Instructions to follow: Please retype the listing below exactly as it stands, skipping any pictures.

<<<<

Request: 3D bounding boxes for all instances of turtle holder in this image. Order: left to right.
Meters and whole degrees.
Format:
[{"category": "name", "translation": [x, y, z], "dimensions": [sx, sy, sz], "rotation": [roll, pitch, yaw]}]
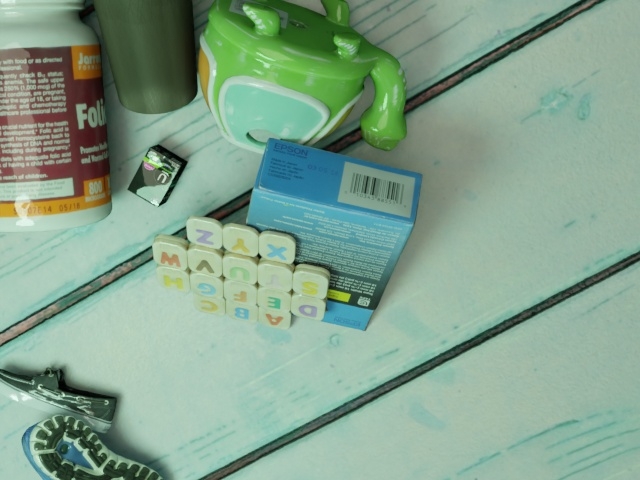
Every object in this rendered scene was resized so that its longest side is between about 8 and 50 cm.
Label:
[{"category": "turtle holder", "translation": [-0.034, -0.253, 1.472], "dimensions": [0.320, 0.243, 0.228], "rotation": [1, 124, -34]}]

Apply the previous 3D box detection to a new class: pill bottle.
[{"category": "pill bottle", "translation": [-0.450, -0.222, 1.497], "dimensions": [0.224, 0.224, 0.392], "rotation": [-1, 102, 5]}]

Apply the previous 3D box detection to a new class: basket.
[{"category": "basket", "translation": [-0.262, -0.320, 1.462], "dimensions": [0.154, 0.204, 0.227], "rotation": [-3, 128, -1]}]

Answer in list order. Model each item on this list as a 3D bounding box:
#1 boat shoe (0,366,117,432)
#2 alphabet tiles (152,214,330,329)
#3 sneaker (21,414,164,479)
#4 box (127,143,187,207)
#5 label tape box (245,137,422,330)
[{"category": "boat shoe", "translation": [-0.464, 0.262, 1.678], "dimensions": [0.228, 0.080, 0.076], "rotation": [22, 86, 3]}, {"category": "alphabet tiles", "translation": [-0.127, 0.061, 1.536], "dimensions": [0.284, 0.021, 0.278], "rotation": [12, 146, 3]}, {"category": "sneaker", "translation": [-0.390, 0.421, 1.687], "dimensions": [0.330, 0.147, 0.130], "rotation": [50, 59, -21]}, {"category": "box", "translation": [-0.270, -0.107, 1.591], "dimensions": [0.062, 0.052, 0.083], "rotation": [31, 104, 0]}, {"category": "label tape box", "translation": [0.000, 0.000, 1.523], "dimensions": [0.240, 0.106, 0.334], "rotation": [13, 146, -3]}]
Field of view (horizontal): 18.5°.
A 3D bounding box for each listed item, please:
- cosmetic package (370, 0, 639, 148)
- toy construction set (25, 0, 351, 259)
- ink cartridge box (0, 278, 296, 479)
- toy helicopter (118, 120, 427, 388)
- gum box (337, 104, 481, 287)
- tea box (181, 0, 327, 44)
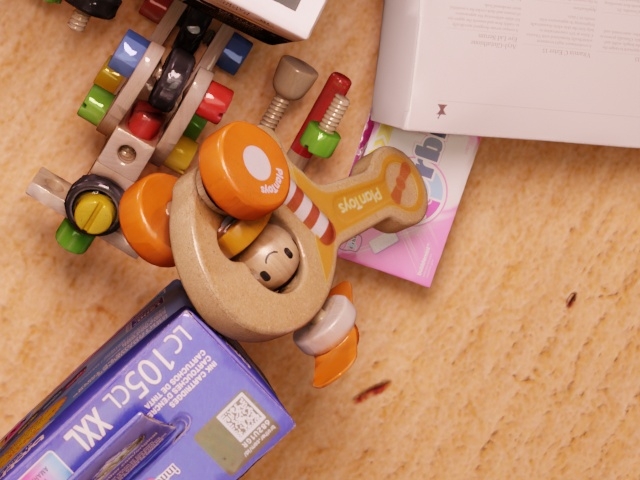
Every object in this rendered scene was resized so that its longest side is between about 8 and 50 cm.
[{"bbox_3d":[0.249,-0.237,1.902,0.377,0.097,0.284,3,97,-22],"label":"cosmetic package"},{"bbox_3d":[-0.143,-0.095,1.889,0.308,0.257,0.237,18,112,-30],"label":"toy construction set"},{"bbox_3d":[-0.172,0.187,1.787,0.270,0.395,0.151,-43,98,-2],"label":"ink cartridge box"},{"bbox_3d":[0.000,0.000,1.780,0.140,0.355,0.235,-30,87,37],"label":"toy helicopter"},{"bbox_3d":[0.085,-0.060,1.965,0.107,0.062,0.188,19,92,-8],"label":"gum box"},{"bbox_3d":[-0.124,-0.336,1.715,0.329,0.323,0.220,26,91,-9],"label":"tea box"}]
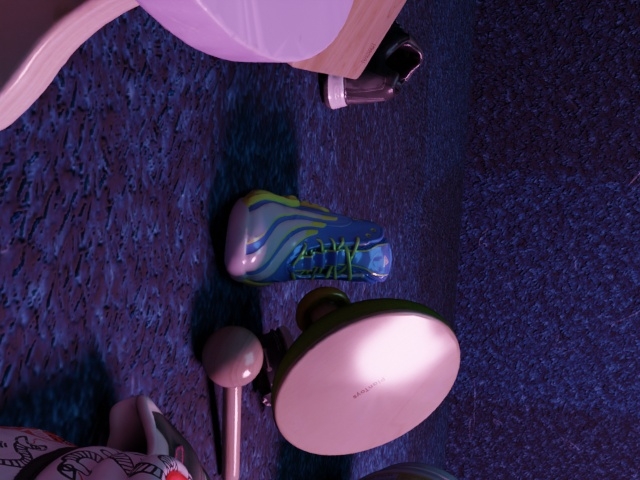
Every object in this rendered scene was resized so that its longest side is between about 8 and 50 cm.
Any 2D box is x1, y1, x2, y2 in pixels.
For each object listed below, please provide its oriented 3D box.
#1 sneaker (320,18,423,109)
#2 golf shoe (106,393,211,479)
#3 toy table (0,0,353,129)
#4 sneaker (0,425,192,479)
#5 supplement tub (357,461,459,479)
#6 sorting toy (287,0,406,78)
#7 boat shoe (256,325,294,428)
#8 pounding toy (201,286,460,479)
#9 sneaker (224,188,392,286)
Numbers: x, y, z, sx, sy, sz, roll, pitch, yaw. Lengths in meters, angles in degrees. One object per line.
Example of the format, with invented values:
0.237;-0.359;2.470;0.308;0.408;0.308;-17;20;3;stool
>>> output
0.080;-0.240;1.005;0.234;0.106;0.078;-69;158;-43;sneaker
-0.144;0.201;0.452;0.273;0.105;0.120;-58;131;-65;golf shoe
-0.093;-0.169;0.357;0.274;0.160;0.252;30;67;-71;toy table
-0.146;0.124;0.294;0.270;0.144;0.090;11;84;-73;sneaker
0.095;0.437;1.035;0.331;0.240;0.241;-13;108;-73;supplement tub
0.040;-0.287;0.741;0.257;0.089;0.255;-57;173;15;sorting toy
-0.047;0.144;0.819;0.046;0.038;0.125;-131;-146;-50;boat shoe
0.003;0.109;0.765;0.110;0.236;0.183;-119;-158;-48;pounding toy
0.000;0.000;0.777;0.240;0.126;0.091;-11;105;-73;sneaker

>>>>

Exercise result:
Request: 3D bounding boxes for all instances of turtle holder in this image. Order: left to right.
Meters and whole degrees.
Format:
[{"category": "name", "translation": [x, y, z], "dimensions": [sx, sy, sz], "rotation": [roll, pitch, yaw]}]
Every object in this rendered scene was resized so that its longest side is between about 8 and 50 cm.
Label:
[{"category": "turtle holder", "translation": [-0.034, -0.253, 1.472], "dimensions": [0.320, 0.243, 0.228], "rotation": [1, 124, -34]}]

Apply the previous 3D box detection to a new class: pill bottle.
[{"category": "pill bottle", "translation": [-0.450, -0.222, 1.497], "dimensions": [0.224, 0.224, 0.392], "rotation": [-1, 102, 5]}]

Apply the previous 3D box detection to a new class: basket.
[{"category": "basket", "translation": [-0.262, -0.320, 1.462], "dimensions": [0.154, 0.204, 0.227], "rotation": [-3, 128, -1]}]

Answer in list order. Model each item on this list as a 3D bounding box:
#1 boat shoe (0,366,117,432)
#2 alphabet tiles (152,214,330,329)
#3 sneaker (21,414,164,479)
#4 box (127,143,187,207)
#5 label tape box (245,137,422,330)
[{"category": "boat shoe", "translation": [-0.464, 0.262, 1.678], "dimensions": [0.228, 0.080, 0.076], "rotation": [22, 86, 3]}, {"category": "alphabet tiles", "translation": [-0.127, 0.061, 1.536], "dimensions": [0.284, 0.021, 0.278], "rotation": [12, 146, 3]}, {"category": "sneaker", "translation": [-0.390, 0.421, 1.687], "dimensions": [0.330, 0.147, 0.130], "rotation": [50, 59, -21]}, {"category": "box", "translation": [-0.270, -0.107, 1.591], "dimensions": [0.062, 0.052, 0.083], "rotation": [31, 104, 0]}, {"category": "label tape box", "translation": [0.000, 0.000, 1.523], "dimensions": [0.240, 0.106, 0.334], "rotation": [13, 146, -3]}]
Field of view (horizontal): 18.5°.
A 3D bounding box for each listed item, please:
- cosmetic package (370, 0, 639, 148)
- toy construction set (25, 0, 351, 259)
- ink cartridge box (0, 278, 296, 479)
- toy helicopter (118, 120, 427, 388)
- gum box (337, 104, 481, 287)
- tea box (181, 0, 327, 44)
Every object in this rendered scene was resized so that its longest side is between about 8 and 50 cm.
[{"bbox_3d":[0.249,-0.237,1.902,0.377,0.097,0.284,3,97,-22],"label":"cosmetic package"},{"bbox_3d":[-0.143,-0.095,1.889,0.308,0.257,0.237,18,112,-30],"label":"toy construction set"},{"bbox_3d":[-0.172,0.187,1.787,0.270,0.395,0.151,-43,98,-2],"label":"ink cartridge box"},{"bbox_3d":[0.000,0.000,1.780,0.140,0.355,0.235,-30,87,37],"label":"toy helicopter"},{"bbox_3d":[0.085,-0.060,1.965,0.107,0.062,0.188,19,92,-8],"label":"gum box"},{"bbox_3d":[-0.124,-0.336,1.715,0.329,0.323,0.220,26,91,-9],"label":"tea box"}]
Every object in this rendered scene was resized so that its longest side is between about 8 and 50 cm.
Any 2D box is x1, y1, x2, y2 in pixels.
For each object listed below, please provide its oriented 3D box.
#1 sneaker (320,18,423,109)
#2 golf shoe (106,393,211,479)
#3 toy table (0,0,353,129)
#4 sneaker (0,425,192,479)
#5 supplement tub (357,461,459,479)
#6 sorting toy (287,0,406,78)
#7 boat shoe (256,325,294,428)
#8 pounding toy (201,286,460,479)
#9 sneaker (224,188,392,286)
Numbers: x, y, z, sx, sy, sz, roll, pitch, yaw. Lengths in meters, angles in degrees. One object per line.
Example of the format, with invented values:
0.237;-0.359;2.470;0.308;0.408;0.308;-17;20;3;stool
>>> output
0.080;-0.240;1.005;0.234;0.106;0.078;-69;158;-43;sneaker
-0.144;0.201;0.452;0.273;0.105;0.120;-58;131;-65;golf shoe
-0.093;-0.169;0.357;0.274;0.160;0.252;30;67;-71;toy table
-0.146;0.124;0.294;0.270;0.144;0.090;11;84;-73;sneaker
0.095;0.437;1.035;0.331;0.240;0.241;-13;108;-73;supplement tub
0.040;-0.287;0.741;0.257;0.089;0.255;-57;173;15;sorting toy
-0.047;0.144;0.819;0.046;0.038;0.125;-131;-146;-50;boat shoe
0.003;0.109;0.765;0.110;0.236;0.183;-119;-158;-48;pounding toy
0.000;0.000;0.777;0.240;0.126;0.091;-11;105;-73;sneaker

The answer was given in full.